竜吼ファンファーレ

作者:三咲ひろの

 鉄筋コンクリートのビルが、轟音を立てて沈み込んだ。
 大量の瓦礫が、駅へ続く道路を埋める。

 グオァァァァアア!

 地響きのような低い咆哮に、人々は身を竦ませ、土煙の向こうに目を凝らした。
 現れたのは、全長10メートルはあろうかというドラゴン。
 ドラゴンは大きな爪で目の前の建物を薙ぎ倒し、首をもたげた。次の瞬間、凶悪な口から吐き出される灼熱の炎。
 瓦礫を踏み越え、ドラゴンは街の中心を目指す。あり得ない光景を目にして立ち竦む人、泣き出す子ども、腰を抜かす老婦人。それらの命を、等しく奪うために。
 本能が警鐘を鳴らす。逃げろ逃げろ逃げろ!
 空から、炎が降り注ぐ。
 ヘリオライダーの笹島・ねむが予知した事件は、耳を疑うものだった。
「ドラゴンです、ドラゴンが来ますっ!」
 それは、先の大戦末期に封印されたドラゴンの復活。
 忽然と現れたドラゴンは翼を持つ爬虫類に似た姿をしているが、復活したばかりでグラビティ・チェインが枯渇している為か、空を飛ぶことはできないようだった。
 代わりにドラゴンは、ビルを薙ぎ倒しながら人が集まる駅前の商店街へ向かう。狙うのは人々の命と、グラビティ・チェイン。
 辿り着いた先で起きるのは、命を踏み潰し町を炎に染める阿鼻叫喚の虐殺だ。
 現場は埼玉県所沢市。県南西部にあるここは東京のベッドタウンで、駅周辺は通勤通学や買い物客で賑わっている。
 ドラゴンは、駅と逆側の商店街入口が接する街道に現れる。出現直後に攻撃を仕掛け、人が多い商店街に着く前に仕留めて欲しい。
「入口? それとも出口? でもドラゴンから見たら入口ですよねっ」 
 一部建造物の破壊は免れないだろうが、町はヒールで修復できるのでドラゴン撃破に注力できるだろう。
 弱体化してもドラゴンは驚異的な力を保っている。その攻撃は3種類。広範囲に降り注ぐ炎のブレス、手足の爪は高速で対象を貫き、太い尾は一閃で周囲を薙ぎ払う。どれも看過できない威力だ。
「市民に、避難勧告をお願いします」
 ドラゴンは沢山の命を奪い力を蓄えれば、すぐにでも飛び去ってしまう。その前に決着をつける必要があった。
 ねむは、もうひとつの願いを口にした。
「みんなも、無事に帰って来ましょうね!」
 暁月・ミコトは、驚きを隠せない声音で呟いた。
「ドラゴン、ですか……まさか、そんなものが」
 驚愕が過ぎた後に残るのは、強い決意。
「けれど、どんな相手だとしても殺戮なんて許せません。僕たちの力で、ドラゴンを倒しましょう」
 この手には、戦う力があるのだ。


参加者
ゾゾ・シュレディンガー(レプリカントの鹵獲術士・e00113)
セルジュ・ラクルテル(紅竜・e00249)
佐原・エイキチ(普通のカフェ店員・e00251)
石馬・無明(人生は無駄の積み重ねである・e02609)
望月・克至(黎明の月・e03450)
御影・籐眞(十年磨一剣・e04536)
ヴァイス・グラニート(餓竜・e04691)
牧野・慎也(使い捨ての刃・e04845)

■リプレイ

●吼える
 ドラゴンの咆哮は空を震わせ、ビルの窓ガラスが軋んだ音を立てた。
 背の翼に巨体を浮かべる力はない。

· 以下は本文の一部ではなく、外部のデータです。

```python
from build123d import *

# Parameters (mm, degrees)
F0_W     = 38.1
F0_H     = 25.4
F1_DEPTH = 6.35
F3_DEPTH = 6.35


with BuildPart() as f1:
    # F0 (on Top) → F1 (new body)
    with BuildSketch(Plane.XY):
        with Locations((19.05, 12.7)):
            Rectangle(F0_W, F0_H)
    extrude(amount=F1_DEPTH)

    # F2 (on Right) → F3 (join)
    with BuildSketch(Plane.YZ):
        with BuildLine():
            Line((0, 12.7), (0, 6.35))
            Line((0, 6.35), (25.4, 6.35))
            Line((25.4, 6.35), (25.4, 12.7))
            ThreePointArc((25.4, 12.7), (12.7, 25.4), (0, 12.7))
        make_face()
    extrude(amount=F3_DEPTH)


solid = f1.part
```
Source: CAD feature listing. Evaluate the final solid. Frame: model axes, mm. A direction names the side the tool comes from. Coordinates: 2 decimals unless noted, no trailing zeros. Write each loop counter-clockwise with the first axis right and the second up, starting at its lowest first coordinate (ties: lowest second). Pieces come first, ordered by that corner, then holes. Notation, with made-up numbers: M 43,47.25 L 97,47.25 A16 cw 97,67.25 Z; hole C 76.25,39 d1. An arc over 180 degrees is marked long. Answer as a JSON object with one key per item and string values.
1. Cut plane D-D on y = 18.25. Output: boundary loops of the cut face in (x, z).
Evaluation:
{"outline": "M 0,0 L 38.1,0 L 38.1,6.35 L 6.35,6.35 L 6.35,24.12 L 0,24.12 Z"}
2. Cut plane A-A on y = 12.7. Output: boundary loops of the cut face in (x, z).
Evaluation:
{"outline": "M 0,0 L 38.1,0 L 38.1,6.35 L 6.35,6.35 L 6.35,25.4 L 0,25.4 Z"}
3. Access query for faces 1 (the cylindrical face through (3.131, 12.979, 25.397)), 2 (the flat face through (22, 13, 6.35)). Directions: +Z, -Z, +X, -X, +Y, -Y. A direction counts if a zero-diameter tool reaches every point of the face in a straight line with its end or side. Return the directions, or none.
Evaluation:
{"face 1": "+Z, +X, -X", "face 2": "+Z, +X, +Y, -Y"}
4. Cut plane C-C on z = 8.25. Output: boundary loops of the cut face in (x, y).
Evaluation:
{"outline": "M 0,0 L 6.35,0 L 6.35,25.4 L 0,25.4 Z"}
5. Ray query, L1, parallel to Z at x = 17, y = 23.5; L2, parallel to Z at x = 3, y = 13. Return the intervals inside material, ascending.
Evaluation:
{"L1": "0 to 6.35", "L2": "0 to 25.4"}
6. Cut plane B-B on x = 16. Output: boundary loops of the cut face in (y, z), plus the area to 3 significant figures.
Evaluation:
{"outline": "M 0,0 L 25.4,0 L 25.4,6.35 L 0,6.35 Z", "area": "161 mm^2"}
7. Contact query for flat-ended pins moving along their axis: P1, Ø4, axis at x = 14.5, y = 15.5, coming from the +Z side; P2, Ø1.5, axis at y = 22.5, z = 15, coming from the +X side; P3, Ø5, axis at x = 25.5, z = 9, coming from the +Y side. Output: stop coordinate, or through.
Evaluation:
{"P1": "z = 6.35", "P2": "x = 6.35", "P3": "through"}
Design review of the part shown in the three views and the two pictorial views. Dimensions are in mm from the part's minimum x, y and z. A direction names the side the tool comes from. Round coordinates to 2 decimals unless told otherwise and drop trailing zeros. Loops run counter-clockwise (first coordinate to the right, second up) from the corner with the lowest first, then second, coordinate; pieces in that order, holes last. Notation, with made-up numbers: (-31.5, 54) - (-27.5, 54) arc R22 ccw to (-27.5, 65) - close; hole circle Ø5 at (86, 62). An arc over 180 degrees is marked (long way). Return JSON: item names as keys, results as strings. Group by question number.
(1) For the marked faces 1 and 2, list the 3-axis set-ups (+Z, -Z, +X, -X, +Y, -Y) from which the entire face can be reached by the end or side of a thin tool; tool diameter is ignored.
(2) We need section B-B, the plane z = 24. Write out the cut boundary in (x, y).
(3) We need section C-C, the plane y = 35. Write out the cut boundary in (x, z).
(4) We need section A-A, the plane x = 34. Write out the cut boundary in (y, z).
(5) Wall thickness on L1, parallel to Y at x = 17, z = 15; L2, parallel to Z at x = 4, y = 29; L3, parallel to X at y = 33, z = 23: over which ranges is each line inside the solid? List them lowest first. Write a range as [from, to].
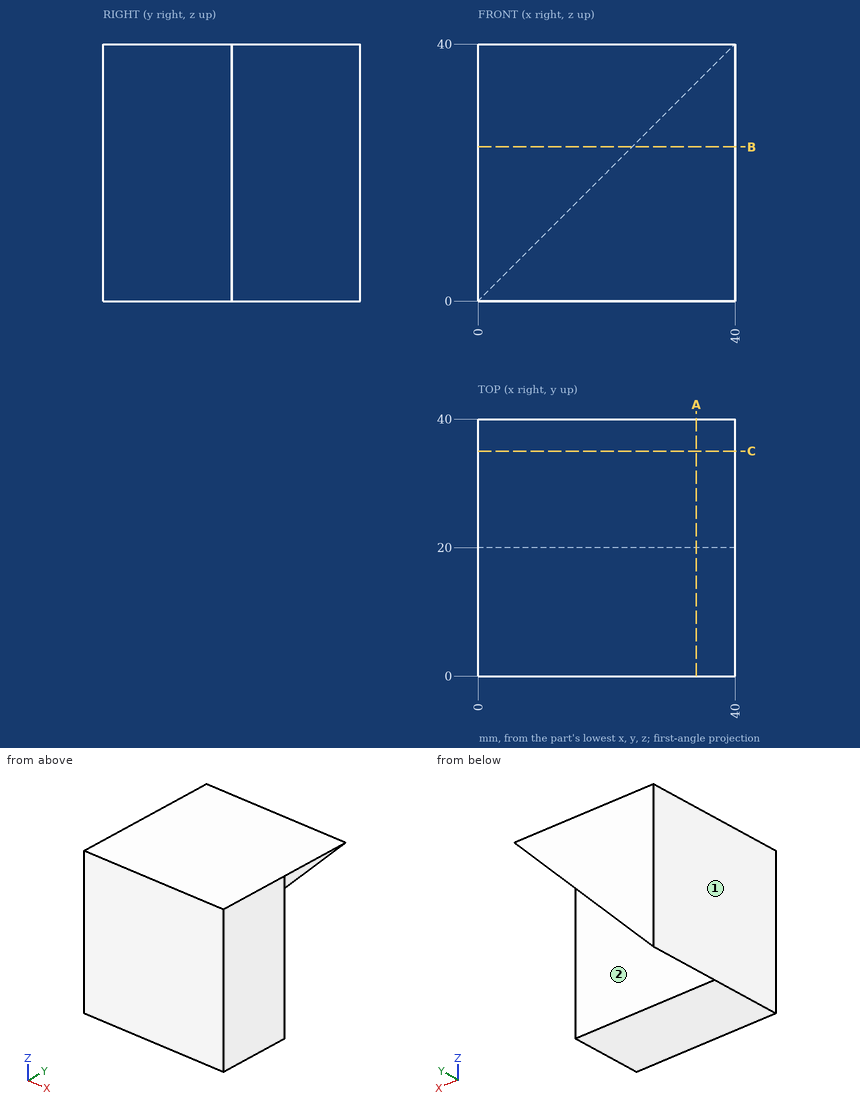
Solutions:
{
 "1": {"face 1": "+Z, -Z, -X, +Y, -Y", "face 2": "-Z, +X, +Y"},
 "2": {"outline": "(0, 0) - (40, 0) - (40, 20) - (24, 20) - (24, 40) - (0, 40) - close"},
 "3": {"outline": "(0, 0) - (40, 40) - (0, 40) - close"},
 "4": {"outline": "(0, 0) - (20, 0) - (20, 34) - (40, 34) - (40, 40) - (0, 40) - close"},
 "5": {"L1": "[0, 20]", "L2": "[4, 40]", "L3": "[0, 23]"}
}

長き封印で力が枯渇しているのだ。ドラゴンは苛立ちに任せてブレスを撒き散らす。
 苛烈な炎が収まった次の瞬間、空から人が降り立った。
「ここから先は人もドラゴンも立ち入り禁止だ! 死にたくなけりゃ、これ以上進むんじゃねぇぜ!」
 真紅のケルベロスコートに身を包んだ石馬・無明(人生は無駄の積み重ねである・e02609)が強い殺気を放つ。逃げ遅れていた人々がその場を離れようと身体を動かした。
 ポニーテールをゆるく振り、佐原・エイキチ(普通のカフェ店員・e00251)は口元を笑みの形に引き上げた。
「初めての戦いがドラゴンって、めちゃくちゃカッコイイじゃん俺たち!」
 軽い口調の裏で、エイキチの目は逃げ遅れた一般人を探す。
「僕は避難誘導に行きます。ボクスドラゴンはみんなと足止めをお願いするね」
 避難誘導に向かう前に、望月・克至(黎明の月・e03450)がサーヴァントに交戦の指示を出す。彼のボクスドラゴンは敵に精一杯の威嚇をしてみせるが、可愛らしい姿は笑みを誘った。
 ゾゾ・シュレディンガー(レプリカントの鹵獲術士・e00113)が時間稼ぎは任せておけと請け負った。
「ここに釘づけにしてやるよ。避難誘導は頼んだぞ!」

 足止め役に残ったのは6人。巨大な敵を前に、怯える者はいなかった。
「ふふ、見るからに強敵って感じよね。ワクワクしてくるわ……!」
 セルジュ・ラクルテル(紅竜・e00249)の胸に宿るのは、強大な敵に相対することへの期待感。
「初依頼が竜狩りとは、なかなか楽しいことになりそうですね」
 御影・籐眞(十年磨一剣・e04536)の穏やかな口調の奥には、敵の撃破と無事の帰還を果たす強い意志がある。
「さて、斬りましょう」
 牧野・慎也(使い捨ての刃・e04845)は、ニコニコと笑顔のまま無造作に斬霊刀を引き抜いた。
 ドラゴンが、大きく空へ咆哮する。それは力を取り戻すための生贄を見つけた喜びの声。
 戦いの始まりに、ヴァイス・グラニート(餓竜・e04691)はその身に纏う空気を一変させ、金色の瞳を狂気の色に染めた。
「喰らってやる」
 凶暴さの滲む声で宣言すると、ドラゴンを挑発するようにブレイスクラッシュを叩き込んだ。

●飛べない翼
 戦いの空気を感じながら、克至は避難誘導の声を上げる。
「大丈夫です、皆さん落ち着いて避難してください」
 ドラゴンを茫然と見上げていた人々が我に返り、安全な場所へ避難を始める。
 エイキチは、座り込んでしまっている子どもに気さくな口調で声をかけた。
「どうした坊主、お母さんとはぐれちまったのかァ?」
 動ける人には言葉で促し、自力で避難できない場合は手を貸し導くことで、一般人の避難は大きな混乱もなく進んでいく。同じく誘導を担う暁月・ミコト(地球人のブレイズキャリバー・en0027)に声をかけたのは、支援に来た仲間だった。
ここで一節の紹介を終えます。